(Extracted data entries)
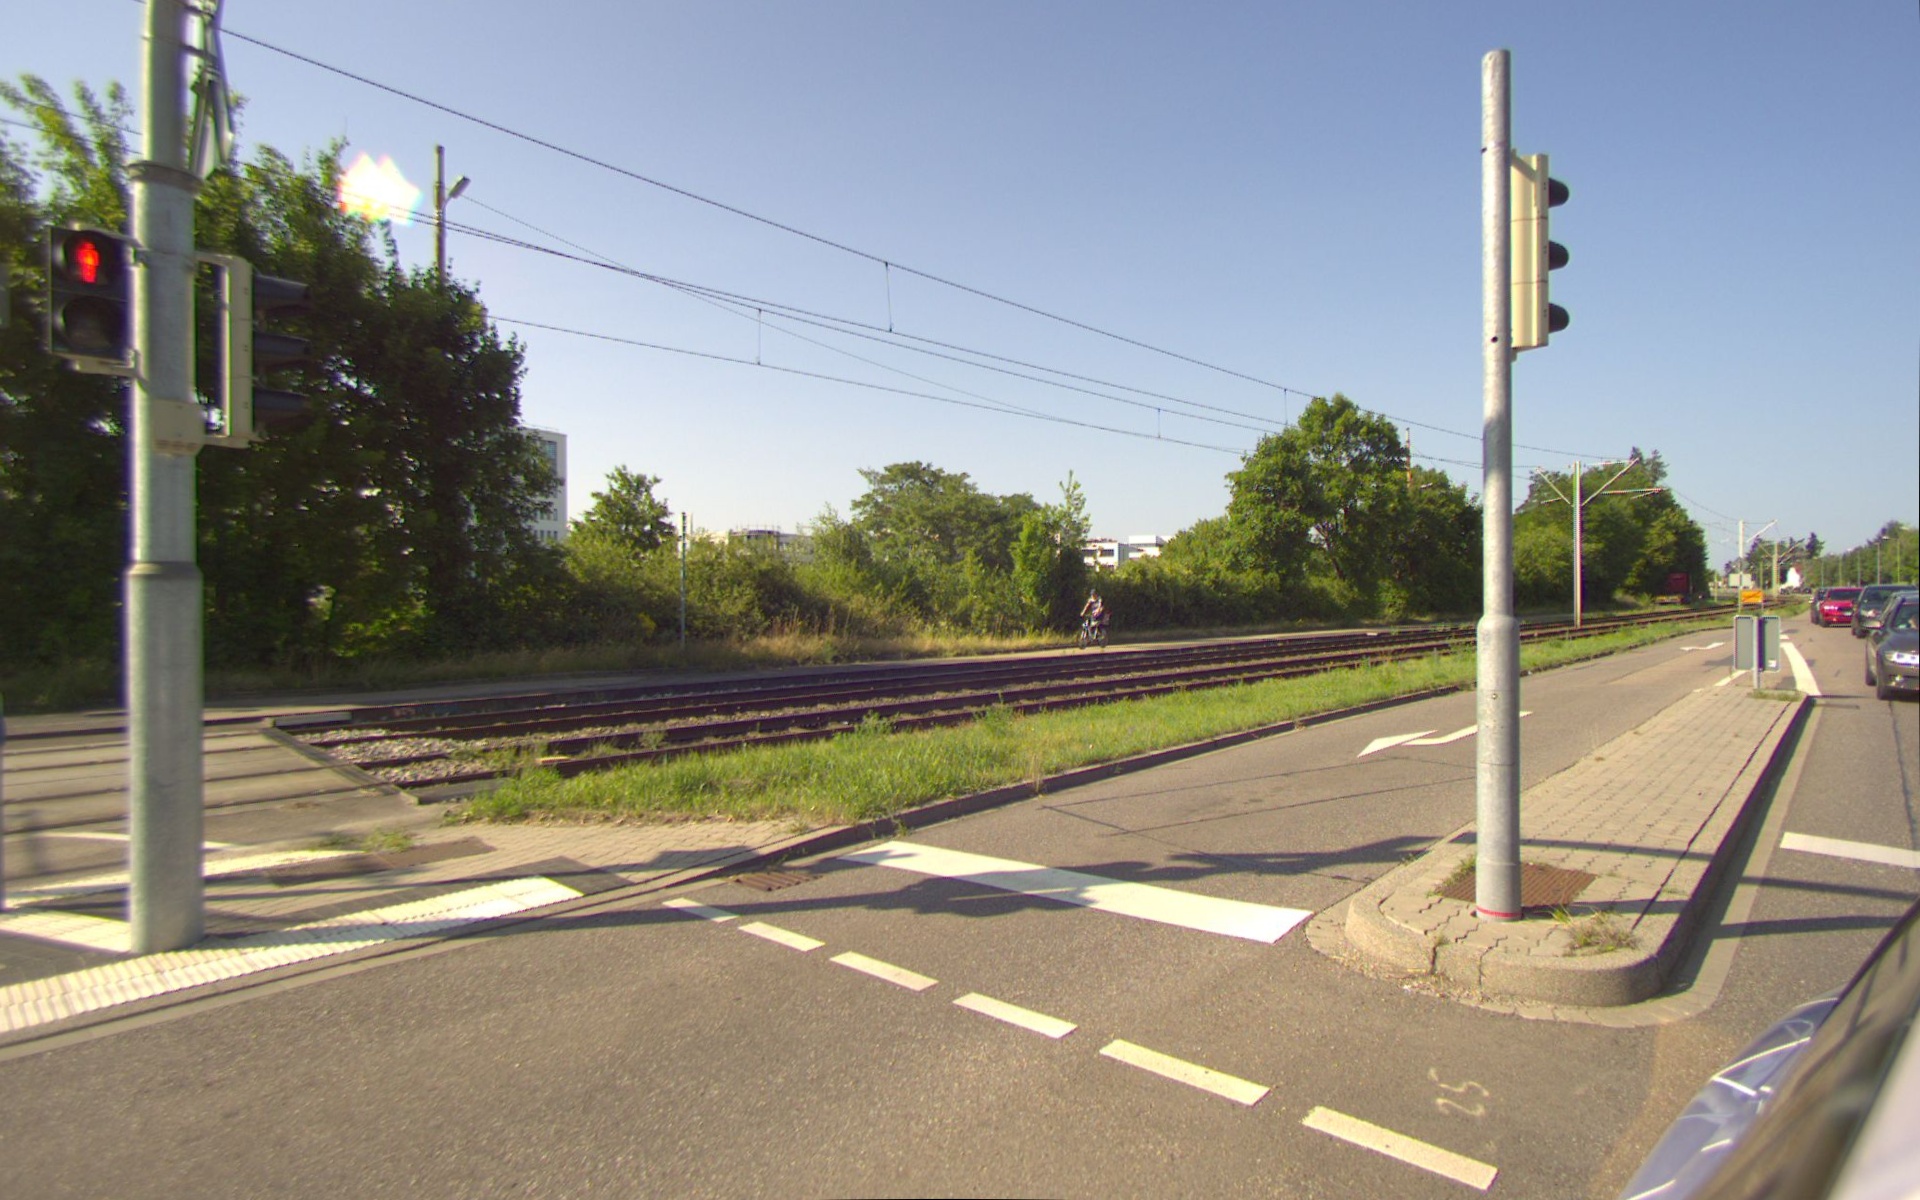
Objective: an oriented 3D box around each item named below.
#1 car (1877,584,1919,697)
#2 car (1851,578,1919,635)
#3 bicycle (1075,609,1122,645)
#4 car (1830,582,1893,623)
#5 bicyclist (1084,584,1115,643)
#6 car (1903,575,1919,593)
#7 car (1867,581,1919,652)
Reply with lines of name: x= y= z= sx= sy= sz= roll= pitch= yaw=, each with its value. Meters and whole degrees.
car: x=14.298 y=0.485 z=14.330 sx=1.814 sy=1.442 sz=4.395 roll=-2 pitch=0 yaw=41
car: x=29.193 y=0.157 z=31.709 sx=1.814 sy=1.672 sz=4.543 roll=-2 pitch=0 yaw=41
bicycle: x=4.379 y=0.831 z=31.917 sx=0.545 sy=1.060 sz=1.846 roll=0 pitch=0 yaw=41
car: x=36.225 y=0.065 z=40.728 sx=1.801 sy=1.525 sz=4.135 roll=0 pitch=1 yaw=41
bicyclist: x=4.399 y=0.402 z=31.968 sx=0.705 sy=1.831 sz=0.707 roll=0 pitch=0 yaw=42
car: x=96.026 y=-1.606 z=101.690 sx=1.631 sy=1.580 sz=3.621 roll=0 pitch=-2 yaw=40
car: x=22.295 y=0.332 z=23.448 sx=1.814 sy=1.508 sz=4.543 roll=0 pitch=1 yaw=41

Task details » Going back over the entries above, copy word for word every line from the one that has "#2 car (1851,578,1919,635)" on through the one that has "#7 car (1867,581,1919,652)".

Result of this exercise »
#2 car (1851,578,1919,635)
#3 bicycle (1075,609,1122,645)
#4 car (1830,582,1893,623)
#5 bicyclist (1084,584,1115,643)
#6 car (1903,575,1919,593)
#7 car (1867,581,1919,652)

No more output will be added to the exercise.